Problem areas for investigation include: mechanisms by which enzymes will allow livestock and poultry to better use the nutrients in the feed; principles for developing grains and forages that will reduce nutrient content of the manure, genetic potential of livestock and poultry for reducing manure output (better feed utilization efficiency), processes that will reduce the nitrogen and phosphorus content of manure, determination of the appropriate crude and equivalent protein content of feeds that will allow efficient animal growth and reduction of the pollution potential of the manure, reduction of the use of feed supplements, re-evaluating current dietary need for species and phase feeding to reduce output, principles for altering livestock and poultry diets that will reduce the odor potential of manure, and factors for processing manures so they may be used safely as an animal feed.

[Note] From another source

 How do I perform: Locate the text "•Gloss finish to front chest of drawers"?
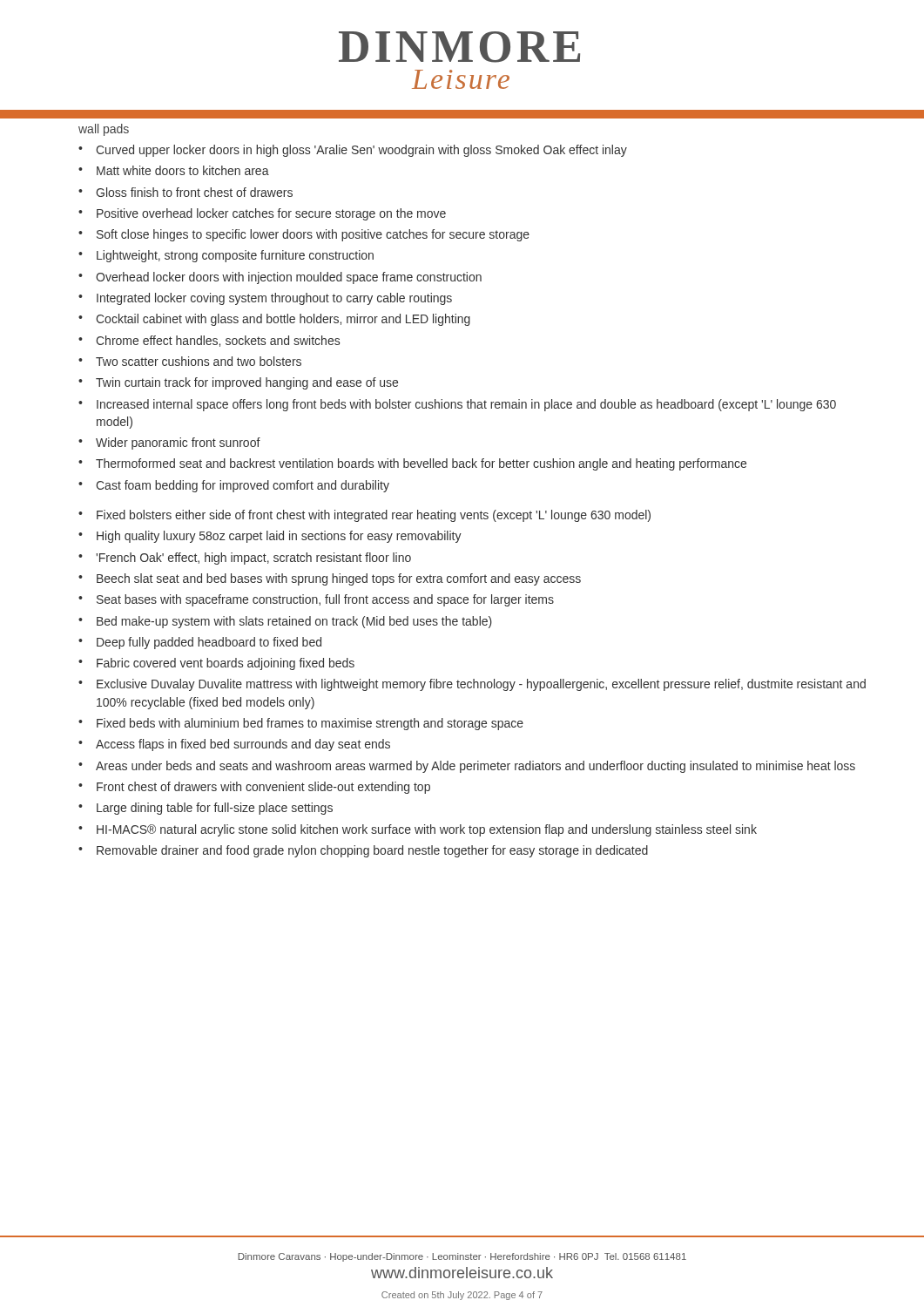[185, 192]

Problem areas for investigation include: effects of handling, storage, and application systems on the nutrient content of manure; estimation of nutrient availability; processes by which manure affects soil physical, chemical, and biological properties; mechanisms by which manure affects crops; economics of manure as a nutrient source; processes that modulate runoff control measures; potential for ground water contamination; and development of crops that use manure nutrients more effectively.

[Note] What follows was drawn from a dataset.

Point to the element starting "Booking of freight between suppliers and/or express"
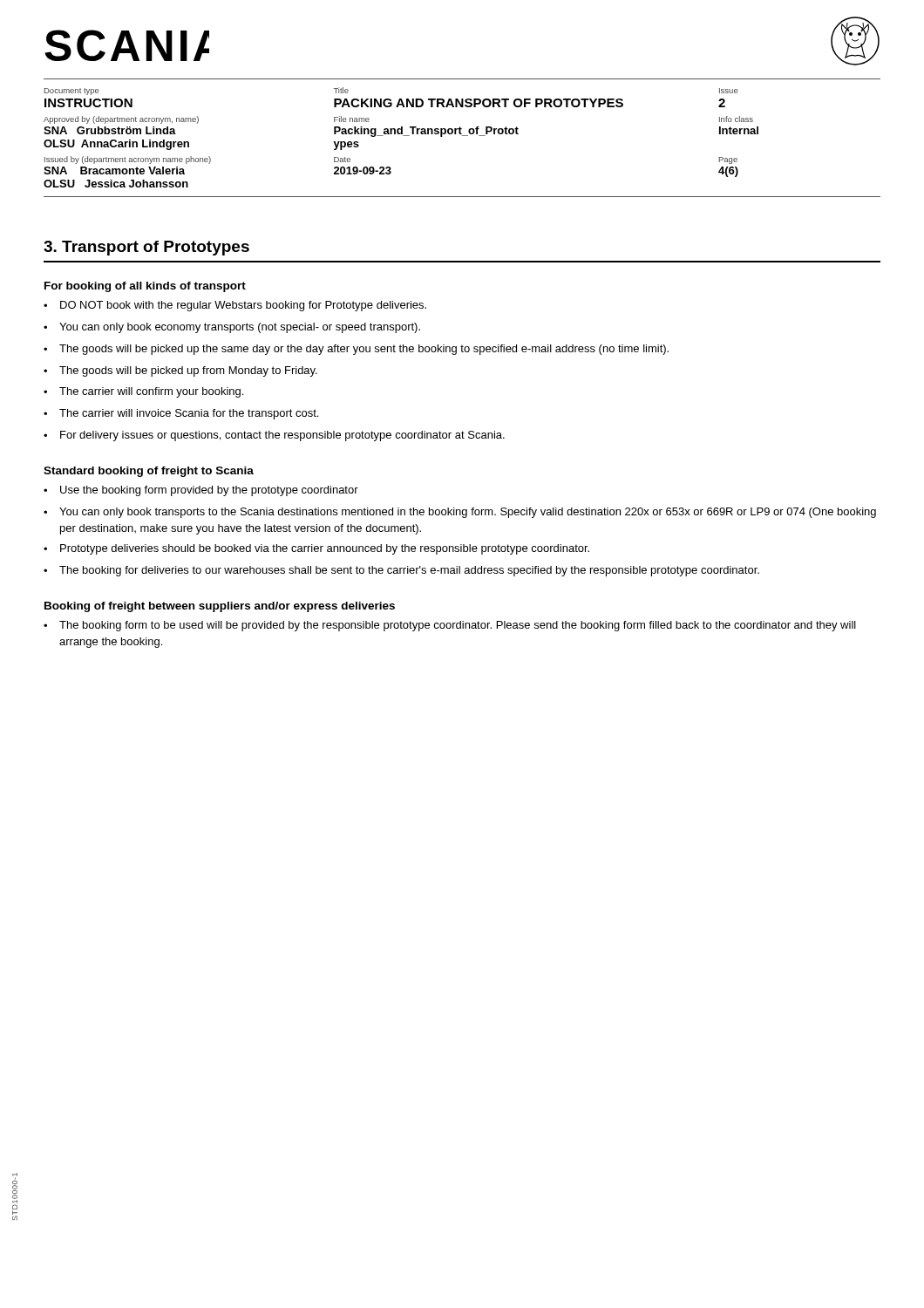 (x=219, y=606)

Mechanical, biological, and chemical treatment technologies need to be developed to reduce the pollution potential of animal manures. Problem areas for investigation include: processes to increase the effectiveness of lagoons for waste treatment, principles of aeration for odor control, anaerobic digestion of solids and liquids, cost-efficient methane production, composting, aerobic and anaerobic treatment to control nitrogen losses to the atmosphere, liquid-solid separation as a treatment technology, and mechanisms by which animal wastes can bio-remediate hazardous wastes. 

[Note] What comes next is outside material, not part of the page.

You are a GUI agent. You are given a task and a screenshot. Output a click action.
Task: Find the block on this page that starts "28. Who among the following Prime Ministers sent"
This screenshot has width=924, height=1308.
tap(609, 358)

One of the potential sources of pathogens is animal manures. Some of the organisms that are of concern include: Escherichia coli, Salmonella, Giardia, Campylobacter, and Cryptosporidium parvum. Problem areas for investigation include: survival rate of organisms under various environmental conditions (time, temperature, and moisture); mechanisms of transmission from animal to animal, animal to man, and man to animal; technologies and practices to reduce pathogen transmission; mechanisms of survival; and movement of pathogens in soil and water. There is the potential for the transmission of antimicrobial resistant pathogens or resistance genes in the environment from animals to humans and humans to animals.


Problem areas for investigation include: characterization of social interactions within a community regarding the effect of concentrated animal feeding operations, economic factors of large- and small-scale animal production for rural communities, processes for developing regulations based on the social and scientific factors, how public perception is formed regarding animal production, fairness and consistency of regulation enforcement, and role of local communities in establishing regulations. 


Problem areas for investigation include: economic impact of regulations; economics of small, medium, and large operations; economic considerations when deciding to focus on regulations for animal agriculture versus a comprehensive approach to pollution problems; determining the economic value of air, water, and soil in determining the costs for implementing waste management practices; role of local, state, or federal policies as they affect the economics of waste management; public financing for installing environmental practices; and determining the costs for various treatment practices.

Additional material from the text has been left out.